If the base station requires, the mobile station may not ramp down to the lowest possible transmitter power level, but may instead maintain a predefined minimum transmitter power such that adjacent base stations are able to use so-called digital locate receivers to monitor the mobile station's transmissions for power measurement and/or other purposes. In true DTX, the mobile station can completely terminate transmissions, thereby conserving a maximum amount of mobile station power.
However, the system specification defined in IS-136.1 and IS-136.2 does not include any definitive way for the mobile station to indicate to the BMI the beginning of the DTX mode. As a result, a decoder in the BMI cannot readily determine whether to employ bad frame masking because of lost slots due to fading (See IS-136.2, Section 2.2.2.2.3.2), or whether to generate comfort noise based on CN parameters. In addition, the BMI cannot locate the so-called hang-over slots, on which the BMI computes basic parameters for the background noise. The location of the hangover slots is important, since if the BMI does not receive the comfort noise parameters in the beginning of the slot, it must use the previously derived comfort noise until the next comfort noise parameters are received.

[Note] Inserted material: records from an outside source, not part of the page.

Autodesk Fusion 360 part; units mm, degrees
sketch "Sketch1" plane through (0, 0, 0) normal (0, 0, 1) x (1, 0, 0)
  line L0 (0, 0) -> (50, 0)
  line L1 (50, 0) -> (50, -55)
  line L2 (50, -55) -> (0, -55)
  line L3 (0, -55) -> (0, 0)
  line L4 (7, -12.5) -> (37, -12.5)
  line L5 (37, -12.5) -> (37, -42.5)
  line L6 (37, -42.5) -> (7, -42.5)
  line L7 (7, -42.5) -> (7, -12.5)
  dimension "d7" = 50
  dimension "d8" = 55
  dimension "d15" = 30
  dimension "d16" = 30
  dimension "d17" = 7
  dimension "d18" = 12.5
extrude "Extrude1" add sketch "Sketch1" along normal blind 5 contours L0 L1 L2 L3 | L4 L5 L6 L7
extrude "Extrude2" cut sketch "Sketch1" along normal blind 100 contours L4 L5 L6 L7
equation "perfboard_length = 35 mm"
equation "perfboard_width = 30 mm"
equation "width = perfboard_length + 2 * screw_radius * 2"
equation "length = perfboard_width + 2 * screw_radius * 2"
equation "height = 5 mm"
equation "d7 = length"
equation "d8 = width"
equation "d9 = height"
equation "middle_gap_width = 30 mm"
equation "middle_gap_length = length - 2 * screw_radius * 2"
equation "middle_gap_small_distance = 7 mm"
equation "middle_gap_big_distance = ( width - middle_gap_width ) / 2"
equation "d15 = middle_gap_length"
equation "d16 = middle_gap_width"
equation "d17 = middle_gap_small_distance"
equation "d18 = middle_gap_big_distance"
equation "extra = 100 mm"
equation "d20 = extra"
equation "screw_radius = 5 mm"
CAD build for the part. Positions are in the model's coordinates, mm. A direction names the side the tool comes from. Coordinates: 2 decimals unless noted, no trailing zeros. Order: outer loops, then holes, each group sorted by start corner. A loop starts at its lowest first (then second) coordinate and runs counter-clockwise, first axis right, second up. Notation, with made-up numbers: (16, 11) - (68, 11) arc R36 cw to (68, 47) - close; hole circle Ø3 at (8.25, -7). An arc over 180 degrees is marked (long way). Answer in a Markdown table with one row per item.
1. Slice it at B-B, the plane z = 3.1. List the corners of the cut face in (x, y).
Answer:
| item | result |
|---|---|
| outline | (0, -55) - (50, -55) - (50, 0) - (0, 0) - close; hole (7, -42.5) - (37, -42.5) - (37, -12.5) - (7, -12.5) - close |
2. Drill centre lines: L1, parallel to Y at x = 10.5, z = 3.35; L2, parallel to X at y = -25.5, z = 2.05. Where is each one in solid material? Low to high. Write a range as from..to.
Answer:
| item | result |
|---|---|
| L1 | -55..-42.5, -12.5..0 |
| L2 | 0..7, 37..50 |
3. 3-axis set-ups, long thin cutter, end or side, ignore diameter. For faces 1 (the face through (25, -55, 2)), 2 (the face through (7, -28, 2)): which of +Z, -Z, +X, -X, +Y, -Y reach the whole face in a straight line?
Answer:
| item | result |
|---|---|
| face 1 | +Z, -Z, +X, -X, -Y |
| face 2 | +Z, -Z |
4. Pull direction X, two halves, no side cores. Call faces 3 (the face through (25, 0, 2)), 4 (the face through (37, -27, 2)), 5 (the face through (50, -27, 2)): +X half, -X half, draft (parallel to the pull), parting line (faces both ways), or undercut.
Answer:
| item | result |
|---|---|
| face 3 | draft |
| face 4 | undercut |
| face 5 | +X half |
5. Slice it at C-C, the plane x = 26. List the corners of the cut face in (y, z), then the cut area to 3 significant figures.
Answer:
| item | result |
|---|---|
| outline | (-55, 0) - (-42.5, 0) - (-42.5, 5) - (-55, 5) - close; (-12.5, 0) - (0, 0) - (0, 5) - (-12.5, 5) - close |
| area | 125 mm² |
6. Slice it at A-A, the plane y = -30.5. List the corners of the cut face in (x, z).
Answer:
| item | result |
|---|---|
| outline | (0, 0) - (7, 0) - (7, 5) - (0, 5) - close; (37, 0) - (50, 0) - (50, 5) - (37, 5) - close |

Due to the above-mentioned interleaving, the data bits of a last slot that is transmitted before entering the DTX_Low State have been unused. Currently in IS-136 a two slot interleaving technique is used (see IS-136.2, FIG. 2.1.3.3.3.2-1 and Section 2.1.3.3.4), which leaves 130 bits (half of a 260 bit slot) unused in the last slot. The last slot transmitted is typically a Fast Associated Control Channel (FACCH) slot, which is defined as a blank-and-burst channel used for signalling exchange between the mobile station and the base station.
It has been proposed in IS-136 (see contribution TR45.3.5/97.03.25.04) that a 68-bit truncated slot be used as a transmit (TX) slot when the mobile station is in the DTX_Low State. A revised contribution in this regard is TR45.3.6/97.06.10. Comfort Noise parameters have been proposed to be carried as FACCH messages on the FACCH channel.
In the existing Global System for Mobile Communication (GSM) DTX operation, the entry to the DTX mode is indicted by CN parameters sent with inband signaling. However, if for some reason this inband signalling is not received, the BMI will execute the bad frame masking procedure that repeats previous speech frames. In IS-136 the CN parameters are sent as FACCH messages, and similarly if the BMI fails to receive the CN parameters, or some other indication of the mobile station's entry to the DTX mode, the BMI will enter the bad frame masking procedure (see IS-136.2, Section 2.2.2.2.3.2).
As can be appreciated, the failure by the BMI to determine when the mobile station has entered the DTX mode can result in an objectionable audible signal being generated due to the repeating of the last received (good) speech frame.
A further existing problem of the DTX mode as currently specified relates to the number of slots that must be sent from the mobile station to the BMI while the mobile station is in the DTX_Low State. These slots are used, typically, for sending the CN parameters.